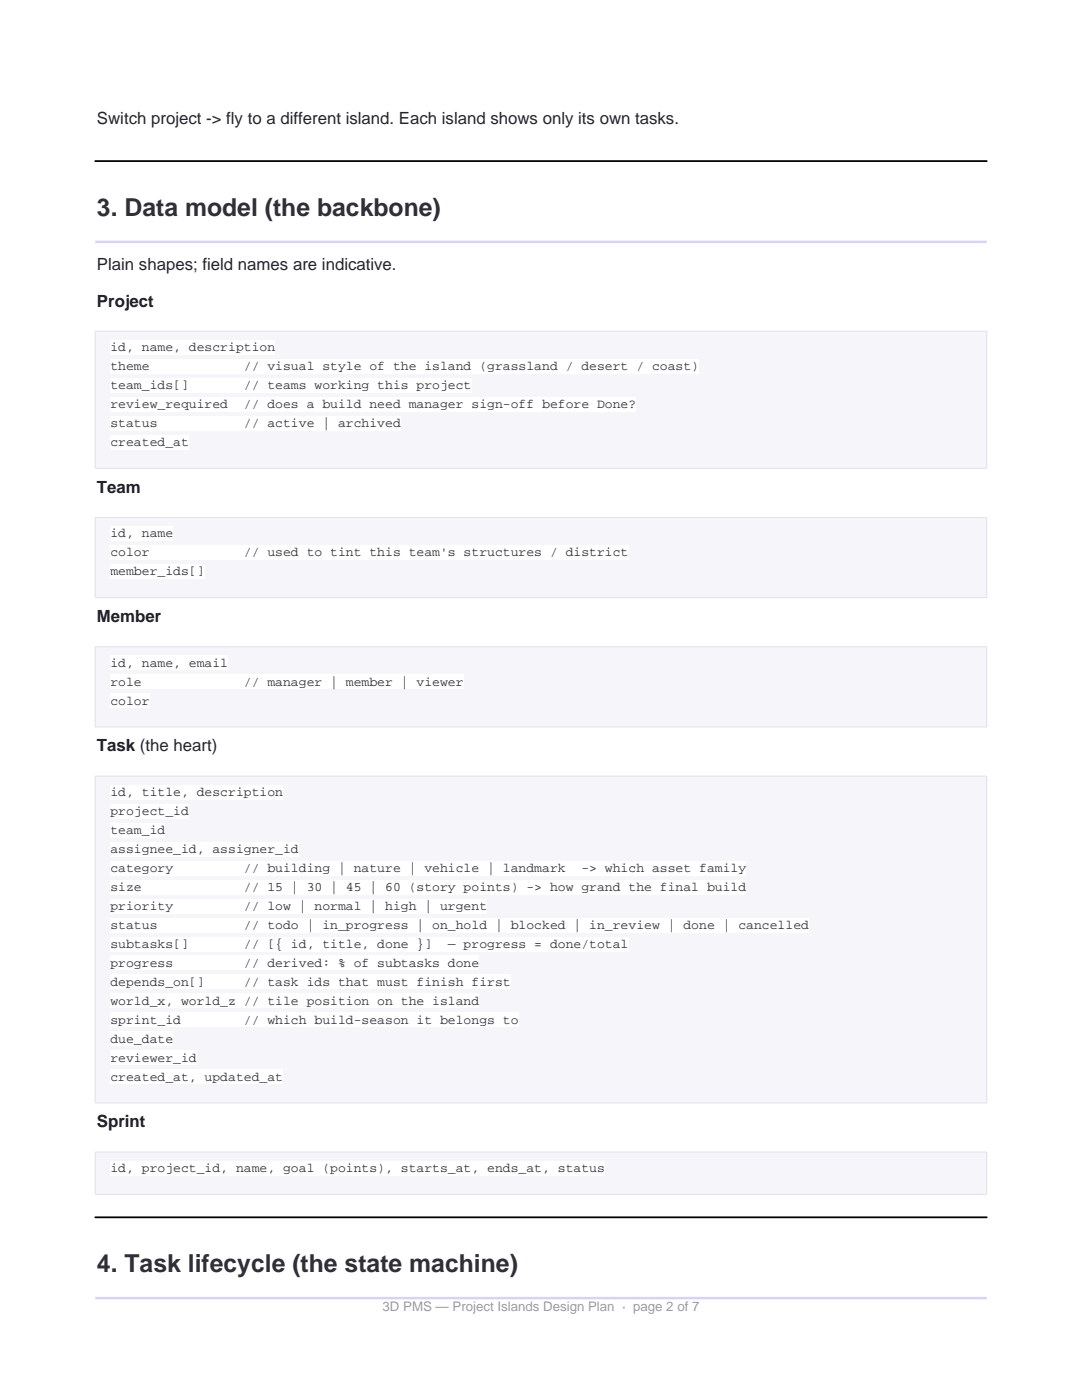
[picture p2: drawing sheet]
<svg xmlns="http://www.w3.org/2000/svg" width="216mm" height="279mm" viewBox="0 0 216 279" stroke-linecap="round" stroke-linejoin="round" font-family="sans-serif">
<defs><g id="words">
<g font-size="4.9" fill="#2f2f38">
<text x="19.4" y="43.1">3. Data model (the backbone)</text>
<text x="19.4" y="253.9">4. Task lifecycle (the state machine)</text>
</g>
<g font-size="3.4" fill="#23272e">
<text x="19.4" y="24.8">Switch project -&gt; fly to a different island. Each island shows only its own tasks.</text>
<text x="19.4" y="53.9">Plain shapes; field names are indicative.</text>
</g>
<g font-size="3.4" fill="#1c1c22">
<text x="19.4" y="61.2">Project</text>
<text x="19.4" y="98.4">Team</text>
<text x="19.4" y="124.2">Member</text>
<text x="19.4" y="150">Task (the heart)</text>
<text x="19.4" y="225">Sprint</text>
</g>
<g font-size="2.6" fill="#2b2b33">
<text x="22" y="70.1">id, name, description</text>
<text x="22" y="73.9">theme</text>
<text x="22" y="77.6">team_ids[]</text>
<text x="48.7" y="73.9">// visual style of the island (grassland / desert / coast)</text>
<text x="48.7" y="77.6">// teams working this project</text>
<text x="22" y="81.4">review_required</text>
<text x="48.7" y="81.4">// does a build need manager sign-off before Done?</text>
<text x="22" y="85.2">status</text>
<text x="22" y="89">created_at</text>
<text x="48.7" y="85.2">// active | archived</text>
<text x="22" y="107.2">id, name</text>
<text x="22" y="111">color</text>
<text x="48.7" y="111">// used to tint this team's structures / district</text>
<text x="22" y="114.8">member_ids[]</text>
<text x="22" y="133.1">id, name, email</text>
<text x="22" y="136.8">role</text>
<text x="48.7" y="136.8">// manager | member | viewer</text>
<text x="22" y="140.6">color</text>
<text x="22" y="158.9">id, title, description</text>
<text x="22" y="162.7">project_id</text>
<text x="22" y="166.4">team_id</text>
<text x="22" y="170.2">assignee_id, assigner_id</text>
<text x="22" y="174">category</text>
<text x="22" y="177.8">size</text>
<text x="48.7" y="174">// building | nature | vehicle | landmark</text>
<text x="48.7" y="177.8">// 15 | 30 | 45 | 60 (story points) -&gt; how grand the final build</text>
<text x="116" y="174">-&gt; which asset family</text>
<text x="22" y="181.6">priority</text>
<text x="22" y="185.4">status</text>
<text x="48.7" y="181.6">// low | normal | high | urgent</text>
<text x="48.7" y="185.4">// todo | in_progress | on_hold | blocked | in_review | done | cancelled</text>
<text x="22" y="189.1">subtasks[]</text>
<text x="48.7" y="189.1">// [{ id, title, done }]</text>
<text x="89.4" y="189.1">— progress = done/total</text>
<text x="22" y="192.9">progress</text>
<text x="22" y="196.7">depends_on[]</text>
<text x="48.7" y="192.9">// derived: % of subtasks done</text>
<text x="48.7" y="196.7">// task ids that must finish first</text>
<text x="22" y="200.5">world_x, world_z // tile position on the island</text>
<text x="22" y="204.3">sprint_id</text>
<text x="22" y="208.1">due_date</text>
<text x="48.7" y="204.3">// which build-season it belongs to</text>
<text x="22" y="211.9">reviewer_id</text>
<text x="22" y="215.6">created_at, updated_at</text>
<text x="22" y="233.9">id, project_id, name, goal (points), starts_at, ends_at, status</text>
</g>
<text font-size="2.6" fill="#9a9aa5" x="76.3" y="261.7">3D PMS — Project Islands Design Plan · page 2 of 7</text>
</g></defs>
<path d="M19 32.2h177.9" fill="none" stroke="#000" stroke-width=".35"/>
<path d="M19 48.3h177.9" fill="none" stroke="#d9d3f2" stroke-width=".49"/>
<path d="M19 66.1h177.9v27.4h-177.9z" fill-rule="evenodd" fill="#f6f6fa"/>
<g fill="#fff">
<path d="M22 67.8h32.9v3h-32.9z" fill-rule="evenodd"/>
<path d="M22 71.6h117.5v3h-117.5z" fill-rule="evenodd"/>
<path d="M22 75.4h72.1v3h-72.1z" fill-rule="evenodd"/>
<path d="M22 79.2h105v3h-105z" fill-rule="evenodd"/>
<path d="M22 83h58v3h-58z" fill-rule="evenodd"/>
<path d="M22 86.8h15.7v2.9h-15.7z" fill-rule="evenodd"/>
</g>
<path d="M19 66.1h177.9v27.4h-177.9z" fill="none" stroke="#e2e2ee" stroke-width=".21"/>
<path d="M19 103.3h177.9v16h-177.9z" fill-rule="evenodd" fill="#f6f6fa"/>
<g fill="#fff">
<path d="M22 105h12.6v3h-12.6z" fill-rule="evenodd"/>
<path d="M22 108.8h103.4v3h-103.4z" fill-rule="evenodd"/>
<path d="M22 112.6h18.8v2.9h-18.8z" fill-rule="evenodd"/>
</g>
<path d="M19 103.3h177.9v16h-177.9z" fill="none" stroke="#e2e2ee" stroke-width=".21"/>
<path d="M19 129.1h177.9v16h-177.9z" fill-rule="evenodd" fill="#f6f6fa"/>
<g fill="#fff">
<path d="M22 130.8h23.5v3h-23.5z" fill-rule="evenodd"/>
<path d="M22 134.6h70.5v3h-70.5z" fill-rule="evenodd"/>
<path d="M22 138.4h7.9v3h-7.9z" fill-rule="evenodd"/>
</g>
<path d="M19 129.1h177.9v16h-177.9z" fill="none" stroke="#e2e2ee" stroke-width=".21"/>
<path d="M19 154.9h177.9v65.2h-177.9z" fill-rule="evenodd" fill="#f6f6fa"/>
<g fill="#fff">
<path d="M22 156.6h34.5v3h-34.5z" fill-rule="evenodd"/>
<path d="M22 160.4h15.7v3h-15.7z" fill-rule="evenodd"/>
<path d="M22 164.2h11v3h-11z" fill-rule="evenodd"/>
<path d="M22 168h37.6v3h-37.6z" fill-rule="evenodd"/>
<path d="M22 171.8h126.9v2.9h-126.9z" fill-rule="evenodd"/>
<path d="M22 175.6h126.9v2.9h-126.9z" fill-rule="evenodd"/>
<path d="M22 179.3h75.2v3h-75.2z" fill-rule="evenodd"/>
<path d="M22 183.1h139.4v3h-139.4z" fill-rule="evenodd"/>
<path d="M22 186.9h103.4v3h-103.4z" fill-rule="evenodd"/>
<path d="M22 190.7h73.7v3h-73.7z" fill-rule="evenodd"/>
<path d="M22 194.5h79.9v3h-79.9z" fill-rule="evenodd"/>
<path d="M22 198.3h73.7v2.9h-73.7z" fill-rule="evenodd"/>
<path d="M22 202.1h81.5v2.9h-81.5z" fill-rule="evenodd"/>
<path d="M22 205.8h12.6v3h-12.6z" fill-rule="evenodd"/>
<path d="M22 209.6h17.3v3h-17.3z" fill-rule="evenodd"/>
<path d="M22 213.4h34.5v3h-34.5z" fill-rule="evenodd"/>
</g>
<path d="M19 154.9h177.9v65.2h-177.9z" fill="none" stroke="#e2e2ee" stroke-width=".21"/>
<path d="M19 229.9h177.9v8.5h-177.9z" fill-rule="evenodd" fill="#f6f6fa"/>
<path d="M22 231.7h98.7v2.9h-98.7z" fill-rule="evenodd" fill="#fff"/>
<path d="M19 229.9h177.9v8.5h-177.9z" fill="none" stroke="#e2e2ee" stroke-width=".21"/>
<path d="M19 242.9h177.9" fill="none" stroke="#000" stroke-width=".35"/>
<path d="M19 259.1h177.9" fill="none" stroke="#d9d3f2" stroke-width=".49"/>
<use href="#words"/>
</svg>
--------
In the records above, find each line that holds the word "size"; copy all such lines.

<g font-size="4.9" fill="#2f2f38">
<g font-size="3.4" fill="#23272e">
<g font-size="3.4" fill="#1c1c22">
<g font-size="2.6" fill="#2b2b33">
<text x="22" y="177.8">size</text>
<text font-size="2.6" fill="#9a9aa5" x="76.3" y="261.7">3D PMS — Project Islands Design Plan · page 2 of 7</text>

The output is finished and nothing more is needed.